Китобойный капитан Эдуард Дальман, исследователь Антарктики, пропадал целыми днями в порту и корабельных мастерских. Пятнадцать немецких моряков ходили за ним сзади, заломив набок шляпы и дымя сигарами. Прибыл из Берлина и Отто Финш. В воздухе пахло грозой.

Мечта о новой стране на коралловом берегу вспыхнула в мозгу Маклая с новой силой. Ни женитьба на Маргарите Робертсон, ни рождение первенца не отвлекли Маклая от его замыслов. На тридцать восьмом году жизни, полной лишений и опасностей, жизни бездомной и бесприютной, у него есть наконец близкие люди, семья, свой кров. Всем этим он крепко дорожит, но долг семьянина не помешает ему достигнуть цели, к которой шел он всю жизнь.

Голубую прекрасную страну, которую он открыл, надо заселить людьми, которым дороги его дело и мысли. «Знак Маклая» нельзя доверить людям, которые не стоят этого. Но как это сделать? Ни Квинсленд, ни Новый Южный Уэльс, ни господин губернатор Нидерландской Индии, ни «железный канцлер» в Берлине не позволят Маклаю заселить его берег. А русское правительство? Еще не известно, как посмотрит оно на своевольство Маклая.

Осунувшийся, постаревший Маклай пишет доклад великому князю Алексею Александровичу. Он просит о том, чтобы Россия признала независимость Берега Маклая и право папуасов на самостоятельную жизнь.

Но напрасно Маклай писал о выгодах устройства станции русских кораблей в прекрасном порту Алексей близ Архипелага Довольных Людей, об удобстве порта Константин напротив Бонгу – сановники царской России ответили молчанием.

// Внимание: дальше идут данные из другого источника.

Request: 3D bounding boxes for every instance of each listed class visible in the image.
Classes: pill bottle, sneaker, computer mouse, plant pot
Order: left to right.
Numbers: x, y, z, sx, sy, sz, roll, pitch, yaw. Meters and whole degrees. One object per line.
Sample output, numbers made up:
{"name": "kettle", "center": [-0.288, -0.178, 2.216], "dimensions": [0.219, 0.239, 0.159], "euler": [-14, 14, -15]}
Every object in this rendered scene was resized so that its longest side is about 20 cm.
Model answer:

Напрасно Маклай писал о том, как Германия и другие страны кидаются на новые земли в Океании. Осенью 1884 года Отто Финш, переделав и перекрасив купленный кораблик, вместе с китобоем Дальманом вышел из Сиднея в Меланезию. Заранее все знавший, Отто Финш стал ждать приказа из Берлина, куда ему идти. Приказ был краток и выразителен – отыскивать гавани на острове Новой Британии и северном берегу Новой Гвинеи, «приобретать» как можно больше земель у туземцев. Скоро германский крейсер показался близ Архипелага Довольных Людей. Немецкие лейтенанты бродили по открытому Маклаем порту и давали свои названия мысам и бухтам, по которым всего каких-нибудь полгода назад ходили «тамо-рус», Каин и русские моряки!

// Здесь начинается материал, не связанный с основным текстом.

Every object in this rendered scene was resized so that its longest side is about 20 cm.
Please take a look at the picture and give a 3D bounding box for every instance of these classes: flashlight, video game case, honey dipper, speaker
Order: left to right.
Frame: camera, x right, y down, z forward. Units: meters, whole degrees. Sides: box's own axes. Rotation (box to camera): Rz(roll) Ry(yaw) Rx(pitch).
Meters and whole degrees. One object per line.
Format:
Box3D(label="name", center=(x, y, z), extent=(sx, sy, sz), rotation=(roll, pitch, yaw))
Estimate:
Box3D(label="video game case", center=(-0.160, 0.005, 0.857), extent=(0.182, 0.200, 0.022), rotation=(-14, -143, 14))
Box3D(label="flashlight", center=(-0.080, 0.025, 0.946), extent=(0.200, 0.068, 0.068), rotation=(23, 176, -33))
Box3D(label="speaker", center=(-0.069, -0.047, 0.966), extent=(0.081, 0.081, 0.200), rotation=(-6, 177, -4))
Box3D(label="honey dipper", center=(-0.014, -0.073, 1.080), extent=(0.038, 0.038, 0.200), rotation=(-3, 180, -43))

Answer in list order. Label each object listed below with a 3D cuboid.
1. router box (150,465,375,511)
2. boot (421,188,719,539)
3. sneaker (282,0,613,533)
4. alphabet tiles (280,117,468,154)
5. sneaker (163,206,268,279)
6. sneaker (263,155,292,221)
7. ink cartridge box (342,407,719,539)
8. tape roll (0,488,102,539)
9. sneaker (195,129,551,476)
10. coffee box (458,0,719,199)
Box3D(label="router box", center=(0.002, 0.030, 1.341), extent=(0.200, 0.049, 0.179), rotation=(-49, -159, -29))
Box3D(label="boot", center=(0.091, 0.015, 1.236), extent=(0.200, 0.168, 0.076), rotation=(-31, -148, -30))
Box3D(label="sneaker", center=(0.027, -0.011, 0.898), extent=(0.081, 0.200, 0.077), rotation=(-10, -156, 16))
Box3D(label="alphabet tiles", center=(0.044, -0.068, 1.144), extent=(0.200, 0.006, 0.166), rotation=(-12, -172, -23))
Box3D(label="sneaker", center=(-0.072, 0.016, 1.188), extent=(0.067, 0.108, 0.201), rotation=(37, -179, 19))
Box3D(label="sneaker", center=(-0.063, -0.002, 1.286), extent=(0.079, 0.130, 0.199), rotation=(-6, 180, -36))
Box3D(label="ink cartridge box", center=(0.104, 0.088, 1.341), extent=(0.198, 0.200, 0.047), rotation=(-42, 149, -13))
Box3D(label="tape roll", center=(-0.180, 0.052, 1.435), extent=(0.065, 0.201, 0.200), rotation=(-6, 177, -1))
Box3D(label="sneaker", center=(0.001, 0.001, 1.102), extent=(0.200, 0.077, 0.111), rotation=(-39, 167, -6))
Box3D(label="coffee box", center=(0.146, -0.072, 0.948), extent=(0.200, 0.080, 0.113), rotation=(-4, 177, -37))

Финш побывал в Бонгу, видел посаженные Маклаем растения, узнал, что бычок зебу вместе с коровой живы и невредимы и папуасы уже привыкли к страшной «рогатой свинье». Финш слышал здесь великое имя Маклая всюду. Папуасы, показывая топор, говорили по-русски: «Топор Маклай». Арбузы, тыквы, другие плоды они обозначали русскими словами, прибавляя к ним имя русского друга.